When you return from foo, you tell the OS that you're no longer using that memory and it can be reassigned to something else. If you're lucky and it never does get reassigned, and the OS doesn't catch you using it again, then you'll get away with the lie. Chances are though you'll end up writing over whatever else ends up with that address.

Now if you're wondering why the compiler doesn't complain, it's probably because foo got eliminated by optimization. It usually will warn you about this sort of thing. C assumes you know what you're doing though, and technically you haven't violated scope here (there's no reference to a itself outside of foo), only memory access rules, which only triggers a warning rather than an error.

In short: this won't usually work, but sometimes will by chance.
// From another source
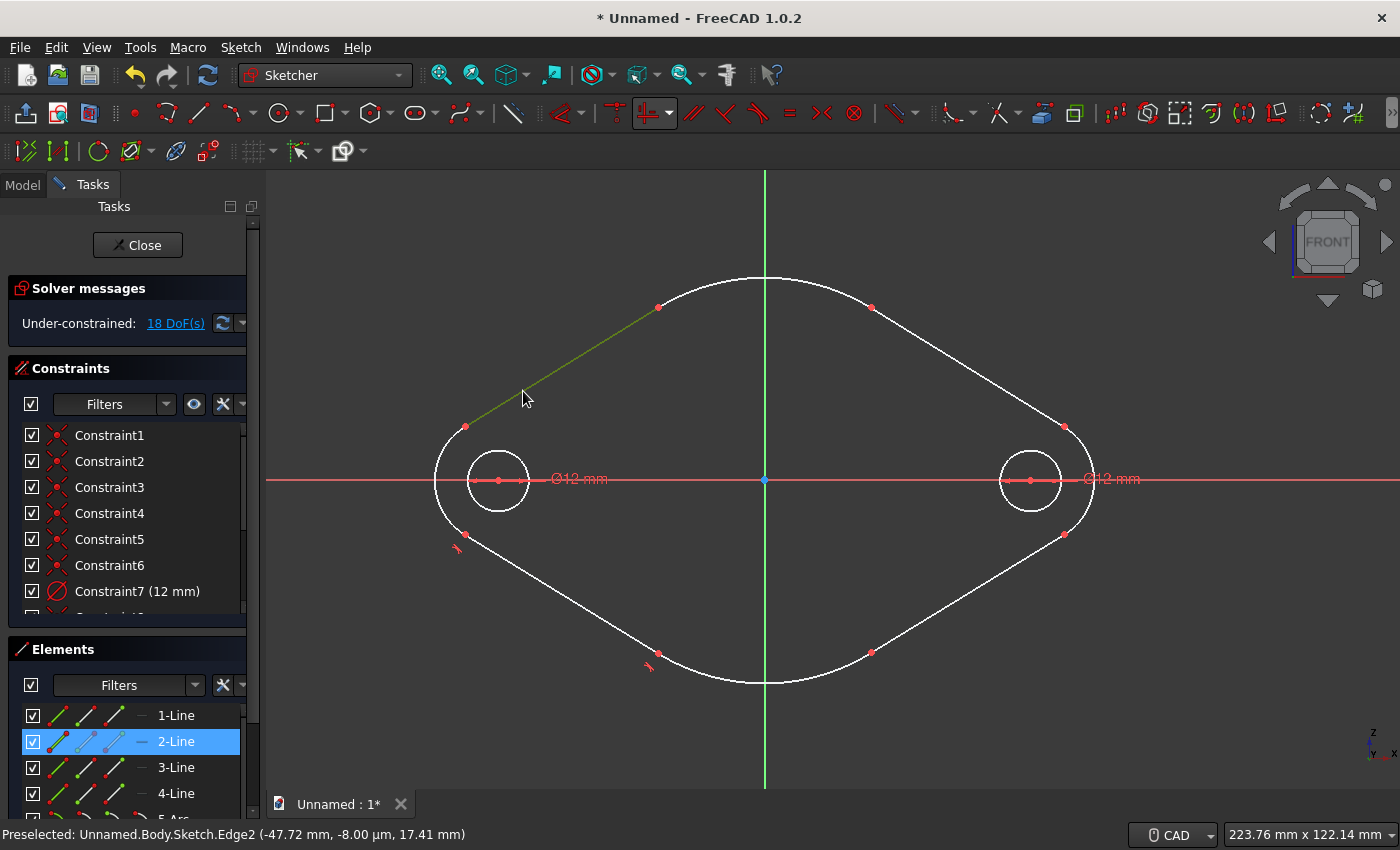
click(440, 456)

You never throw a C++ exception by accessing invalid memory. You are just giving an example of the general idea of referencing an arbitrary memory location. I could do the same like this:

unsigned int q = 123456;

*(double*)(q) = 1.2;

Here I am simply treating 123456 as the address of a double and write to it. Any number of things could happen:

  1. q might in fact genuinely be a valid address of a double, e.g. double p; q = &p;.
  2. q might point somewhere inside allocated memory and I just overwrite 8 bytes in there.
  3. q points outside allocated memory and the operating system's memory manager sends a segmentation fault signal to my program, causing the runtime to terminate it.
  4. You win the lottery.

The way you set it up it is a bit more reasonable that the returned address points into a valid area of memory, as it will probably just be a little further down the stack, but it is still an invalid location that you cannot access in a deterministic fashion.

Nobody will automatically check the semantic validity of memory addresses like that for you during normal program execution. However, a memory debugger such as valgrind will happily do this, so you should run your program through it and witness the errors.


This behavior is undefined, as Alex pointed out--in fact, most compilers will warn against doing this, because it's an easy way to get crashes.

For an example of the kind of spooky behavior you are likely to get, try this sample:

int *a()
{
   int x = 5;
   return &x;
}

void b( int *c )
{
   int y = 29;
   *c = 123;
   cout << "y=" << y << endl;
}

int main()
{
   b( a() );
   return 0;
}

This prints out "y=123", but your results may vary (really!). Your pointer is clobbering other, unrelated local variables.


That's classic undefined behaviour that's been discussed here not two days ago -- search around the site for a bit. In a nutshell, you were lucky, but anything could have happened and your code is making invalid access to memory.


A little addition to all the answers:

if you do something like that:

#include<stdio.h>
#include <stdlib.h>
int * foo(){
    int a = 5;
    return &a;
}
void boo(){
    int a = 7;

}
int main(){
    int * p = foo();
    boo();
    printf("%d\n",*p);
}

the output probably will be: 7

That is because after returning from foo() the stack is freed and then reused by boo(). If you deassemble the executable you will see it clearly.


The things with correct (?) console output can change dramatically if you use ::printf but not cout. You can play around with debugger within below code (tested on x86, 32-bit, MSVisual Studio):

char* foo() 
{
  char buf[10];
  ::strcpy(buf, "TEST”);
  return buf;
}

int main() 
{
  char* s = foo();    //place breakpoint & check 's' varialbe here
  ::printf("%s\n", s); 
}

In C++, you can access any address, but it doesn't mean you should. The address you are accessing is no longer valid. It works because nothing else scrambled the memory after foo returned, but it could crash under many circumstances. Try analyzing your program with Valgrind, or even just compiling it optimized, and see...


You actually invoked undefined behaviour.

Returning the address of a temporary works, but as temporaries are destroyed at the end of a function the results of accessing them will be undefined.

So you did not modify a but rather the memory location where a once was. This difference is very similar to the difference between crashing and not crashing.